PROMPT:
All lines from the one with "Now the building (1051,108,1149,485)." through the close of the records below are to be set down exactly, and no others.

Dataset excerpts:
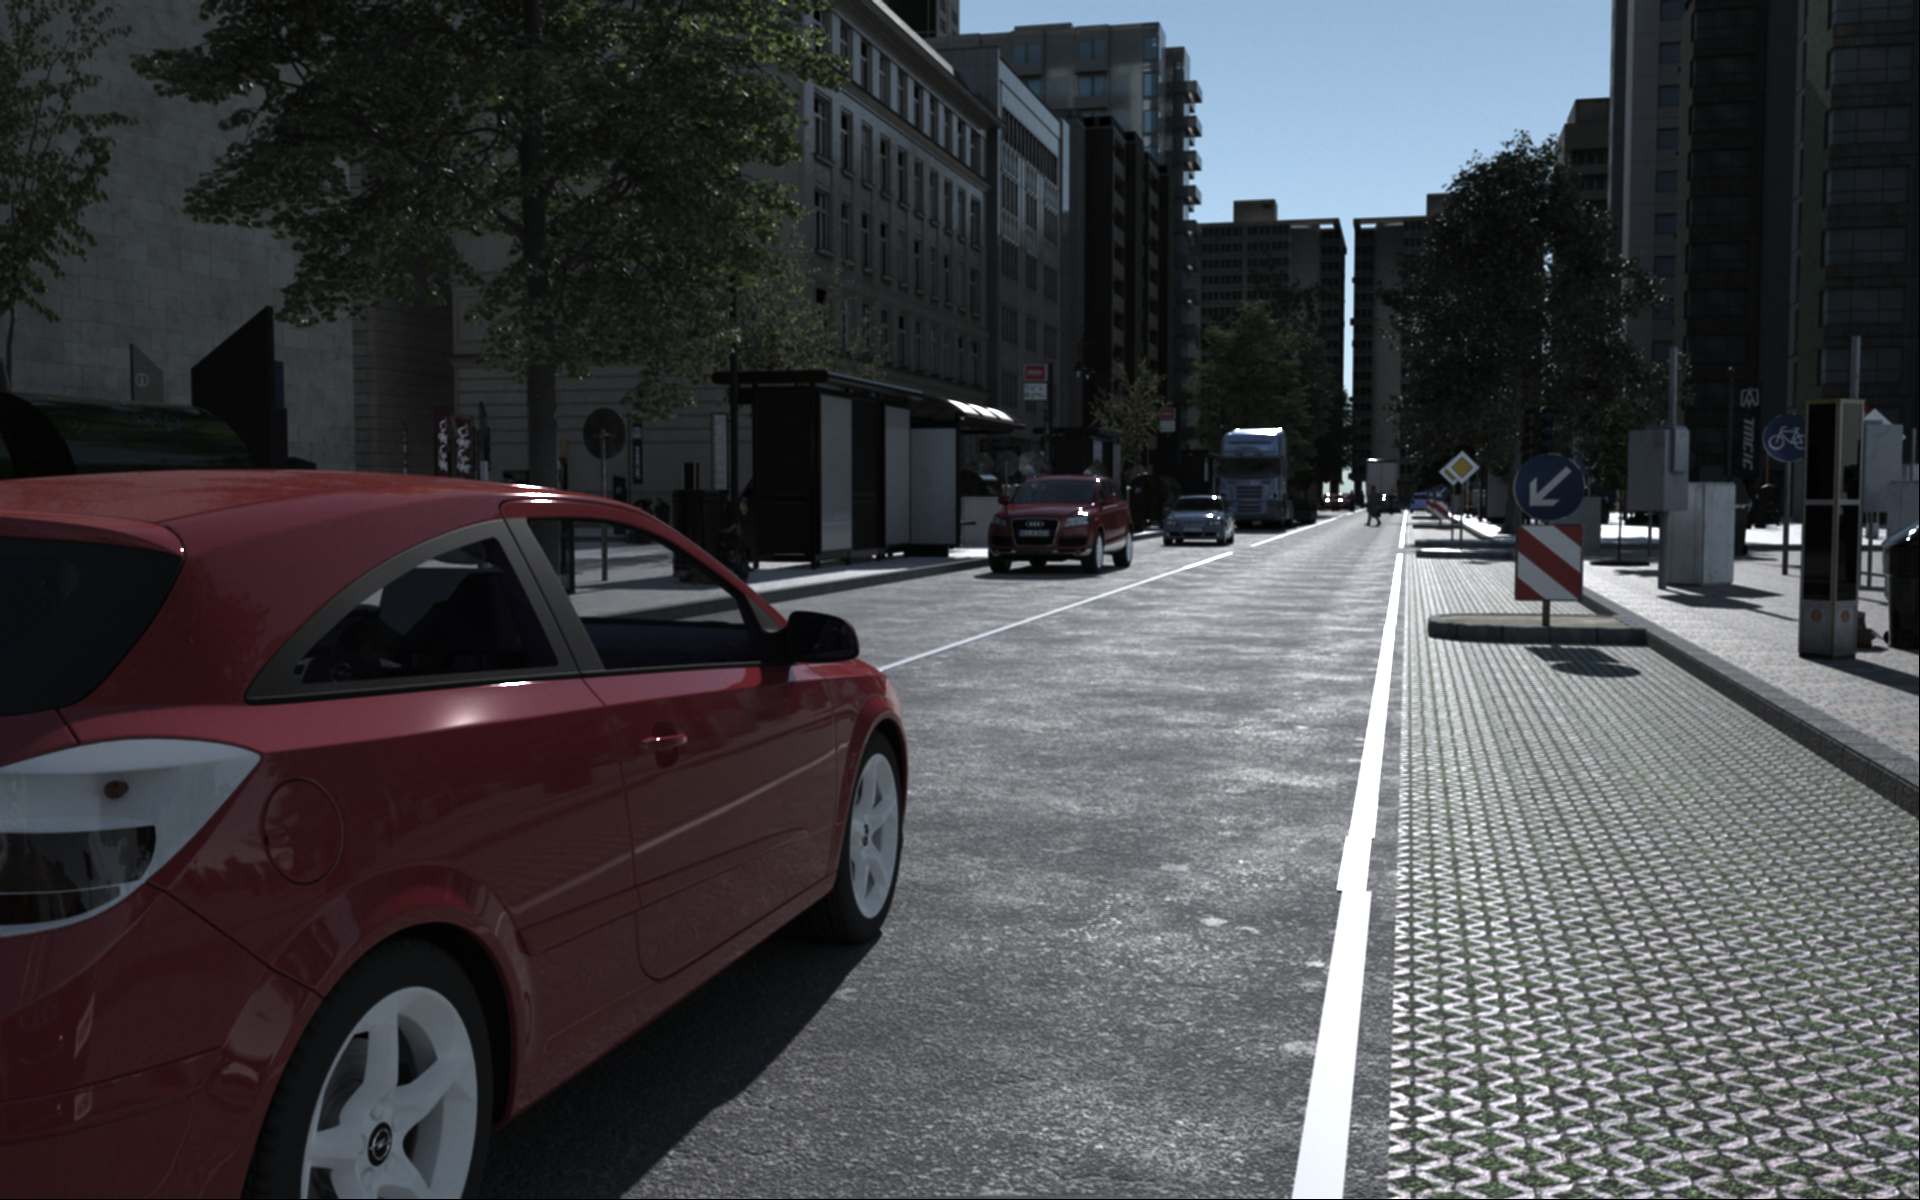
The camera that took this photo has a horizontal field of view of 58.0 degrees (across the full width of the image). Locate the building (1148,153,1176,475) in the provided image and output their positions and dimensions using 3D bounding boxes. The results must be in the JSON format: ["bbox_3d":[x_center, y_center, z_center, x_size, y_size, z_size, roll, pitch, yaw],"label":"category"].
[{"bbox_3d":[10.364,-22.975,147.335,14.160,30.474,14.107,1,4,14],"label":"building"}]

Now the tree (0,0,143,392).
[{"bbox_3d":[-12.693,-4.400,22.309,4.737,8.622,4.395,0,3,0],"label":"tree"}]

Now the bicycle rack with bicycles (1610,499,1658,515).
[{"bbox_3d":[44.222,-6.185,114.508,2.852,0.926,2.925,0,4,0],"label":"bicycle rack with bicycles"}]

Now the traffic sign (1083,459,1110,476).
[{"bbox_3d":[3.913,-2.818,49.709,0.795,2.450,0.064,1,4,14],"label":"traffic sign"}]

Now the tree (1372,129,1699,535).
[{"bbox_3d":[17.726,-8.433,54.894,9.611,12.733,9.660,0,3,0],"label":"tree"}]

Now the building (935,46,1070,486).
[{"bbox_3d":[-1.336,-17.422,102.869,12.078,24.808,19.932,1,4,14],"label":"building"}]

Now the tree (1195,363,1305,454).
[{"bbox_3d":[18.618,-10.779,110.643,7.601,10.594,8.767,-1,4,-20],"label":"tree"}]

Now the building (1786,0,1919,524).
[{"bbox_3d":[45.399,-24.126,78.057,14.154,41.232,14.086,1,4,14],"label":"building"}]

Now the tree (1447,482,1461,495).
[{"bbox_3d":[41.647,-9.141,144.058,1.663,3.219,1.824,0,3,0],"label":"tree"}]

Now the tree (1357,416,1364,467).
[{"bbox_3d":[39.659,-17.347,190.272,9.857,13.997,8.962,0,3,0],"label":"tree"}]

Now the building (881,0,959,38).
[{"bbox_3d":[-12.551,-48.935,238.331,20.611,71.187,20.563,1,4,14],"label":"building"}]

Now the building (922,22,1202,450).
[{"bbox_3d":[9.202,-34.273,179.973,30.456,49.044,23.786,1,4,14],"label":"building"}]

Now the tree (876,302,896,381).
[{"bbox_3d":[-4.268,-6.286,53.143,4.360,8.622,3.978,0,3,0],"label":"tree"}]

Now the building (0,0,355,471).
[{"bbox_3d":[-21.470,-10.781,31.028,16.860,20.320,10.420,1,4,14],"label":"building"}]

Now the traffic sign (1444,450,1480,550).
[{"bbox_3d":[11.438,-2.193,39.501,0.795,2.450,0.064,1,4,14],"label":"traffic sign"}]

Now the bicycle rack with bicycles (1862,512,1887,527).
[{"bbox_3d":[34.776,-3.321,67.687,2.925,0.926,2.852,-2,4,-27],"label":"bicycle rack with bicycles"}]

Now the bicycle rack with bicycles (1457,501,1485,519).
[{"bbox_3d":[27.278,-4.694,90.132,2.925,0.926,2.852,0,4,-1],"label":"bicycle rack with bicycles"}]

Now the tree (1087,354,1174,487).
[{"bbox_3d":[8.929,-8.566,90.424,4.360,8.622,3.978,0,3,0],"label":"tree"}]

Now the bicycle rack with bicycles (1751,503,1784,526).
[{"bbox_3d":[32.167,-3.495,70.517,2.925,0.926,2.852,0,4,-5],"label":"bicycle rack with bicycles"}]

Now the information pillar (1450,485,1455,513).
[{"bbox_3d":[33.020,-6.824,116.058,0.304,2.012,0.304,1,4,20],"label":"information pillar"}]

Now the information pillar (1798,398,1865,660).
[{"bbox_3d":[6.791,-0.551,13.503,0.304,2.012,0.304,-2,4,-28],"label":"information pillar"}]

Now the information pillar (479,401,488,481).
[{"bbox_3d":[-11.955,-3.189,43.491,0.183,3.616,0.504,-2,4,-29],"label":"information pillar"}]

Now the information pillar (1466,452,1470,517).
[{"bbox_3d":[27.954,-6.359,95.324,0.183,3.616,0.504,1,4,23],"label":"information pillar"}]

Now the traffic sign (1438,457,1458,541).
[{"bbox_3d":[13.439,-2.666,47.232,0.795,2.450,0.064,1,4,14],"label":"traffic sign"}]

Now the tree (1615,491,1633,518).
[{"bbox_3d":[36.220,-6.711,93.432,4.285,4.588,4.351,0,3,0],"label":"tree"}]

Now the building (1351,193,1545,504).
[{"bbox_3d":[63.418,-32.688,226.324,23.993,40.220,32.217,1,4,14],"label":"building"}]

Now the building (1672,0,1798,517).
[{"bbox_3d":[48.676,-20.099,100.320,14.160,30.474,14.107,1,4,14],"label":"building"}]

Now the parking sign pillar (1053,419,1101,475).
[{"bbox_3d":[4.354,-4.493,61.932,1.447,3.967,1.447,-1,4,-19],"label":"parking sign pillar"}]

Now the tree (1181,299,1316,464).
[{"bbox_3d":[16.797,-11.173,100.804,7.486,12.596,7.792,0,3,0],"label":"tree"}]

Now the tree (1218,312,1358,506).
[{"bbox_3d":[22.032,-13.216,122.743,9.857,13.997,8.962,0,3,0],"label":"tree"}]

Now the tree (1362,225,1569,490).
[{"bbox_3d":[30.810,-15.247,105.185,12.611,20.169,13.585,0,3,0],"label":"tree"}]

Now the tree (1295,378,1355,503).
[{"bbox_3d":[35.495,-16.361,177.876,12.009,13.543,11.850,0,3,0],"label":"tree"}]

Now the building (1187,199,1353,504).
[{"bbox_3d":[39.136,-33.014,231.657,23.993,40.220,32.217,1,4,14],"label":"building"}]

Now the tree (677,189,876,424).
[{"bbox_3d":[-4.755,-5.585,41.676,4.360,8.622,3.978,0,3,0],"label":"tree"}]

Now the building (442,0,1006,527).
[{"bbox_3d":[-9.158,-15.032,79.053,16.112,22.955,30.059,1,4,14],"label":"building"}]

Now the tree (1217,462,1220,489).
[{"bbox_3d":[14.302,-5.978,92.344,1.663,3.219,1.824,0,3,0],"label":"tree"}]

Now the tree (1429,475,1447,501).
[{"bbox_3d":[50.237,-11.955,179.181,4.285,4.588,4.351,0,3,0],"label":"tree"}]

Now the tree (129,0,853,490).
[{"bbox_3d":[-4.892,-6.179,19.162,7.486,12.596,7.792,0,3,0],"label":"tree"}]

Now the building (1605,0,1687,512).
[{"bbox_3d":[61.586,-36.235,134.440,21.231,58.520,28.212,1,4,14],"label":"building"}]

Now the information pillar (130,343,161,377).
[{"bbox_3d":[-12.724,-2.189,27.150,0.183,3.616,0.504,3,5,39],"label":"information pillar"}]

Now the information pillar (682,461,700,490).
[{"bbox_3d":[-5.948,-2.072,38.371,0.304,2.012,0.304,1,4,12],"label":"information pillar"}]

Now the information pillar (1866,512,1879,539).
[{"bbox_3d":[26.151,-2.759,49.594,0.304,2.012,0.304,2,4,35],"label":"information pillar"}]

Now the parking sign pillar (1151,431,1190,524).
[{"bbox_3d":[8.863,-5.243,74.202,1.447,3.967,1.447,-3,5,-41],"label":"parking sign pillar"}]

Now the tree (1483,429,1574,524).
[{"bbox_3d":[20.854,-4.901,63.841,4.285,4.588,4.351,0,3,0],"label":"tree"}]

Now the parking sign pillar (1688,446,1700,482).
[{"bbox_3d":[30.826,-5.226,73.915,1.447,3.967,1.447,0,4,4],"label":"parking sign pillar"}]

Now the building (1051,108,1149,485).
[{"bbox_3d":[6.224,-22.150,133.859,14.160,30.474,14.107,1,4,14],"label":"building"}]

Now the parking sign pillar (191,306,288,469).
[{"bbox_3d":[-10.477,-2.247,25.217,1.447,3.967,1.447,1,4,14],"label":"parking sign pillar"}]

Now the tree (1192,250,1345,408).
[{"bbox_3d":[24.081,-17.206,137.215,12.611,20.169,13.585,0,3,0],"label":"tree"}]

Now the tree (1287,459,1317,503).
[{"bbox_3d":[31.252,-10.742,159.352,4.285,4.588,4.351,0,3,0],"label":"tree"}]

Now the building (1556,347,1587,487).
[{"bbox_3d":[71.412,-19.415,162.473,27.650,21.520,28.899,1,4,14],"label":"building"}]

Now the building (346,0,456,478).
[{"bbox_3d":[-33.216,-17.048,75.991,25.104,27.353,12.463,1,4,14],"label":"building"}]

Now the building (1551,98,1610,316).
[{"bbox_3d":[84.361,-36.089,213.752,21.600,48.544,21.300,1,4,14],"label":"building"}]

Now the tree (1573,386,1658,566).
[{"bbox_3d":[11.876,-2.251,31.409,1.663,3.219,1.824,0,3,0],"label":"tree"}]

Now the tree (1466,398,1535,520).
[{"bbox_3d":[25.656,-8.201,84.455,4.737,8.622,4.395,0,3,0],"label":"tree"}]

COMPLETED EXERCISE:
Now the building (1051,108,1149,485).
[{"bbox_3d":[6.224,-22.150,133.859,14.160,30.474,14.107,1,4,14],"label":"building"}]

Now the parking sign pillar (191,306,288,469).
[{"bbox_3d":[-10.477,-2.247,25.217,1.447,3.967,1.447,1,4,14],"label":"parking sign pillar"}]

Now the tree (1192,250,1345,408).
[{"bbox_3d":[24.081,-17.206,137.215,12.611,20.169,13.585,0,3,0],"label":"tree"}]

Now the tree (1287,459,1317,503).
[{"bbox_3d":[31.252,-10.742,159.352,4.285,4.588,4.351,0,3,0],"label":"tree"}]

Now the building (1556,347,1587,487).
[{"bbox_3d":[71.412,-19.415,162.473,27.650,21.520,28.899,1,4,14],"label":"building"}]

Now the building (346,0,456,478).
[{"bbox_3d":[-33.216,-17.048,75.991,25.104,27.353,12.463,1,4,14],"label":"building"}]

Now the building (1551,98,1610,316).
[{"bbox_3d":[84.361,-36.089,213.752,21.600,48.544,21.300,1,4,14],"label":"building"}]

Now the tree (1573,386,1658,566).
[{"bbox_3d":[11.876,-2.251,31.409,1.663,3.219,1.824,0,3,0],"label":"tree"}]

Now the tree (1466,398,1535,520).
[{"bbox_3d":[25.656,-8.201,84.455,4.737,8.622,4.395,0,3,0],"label":"tree"}]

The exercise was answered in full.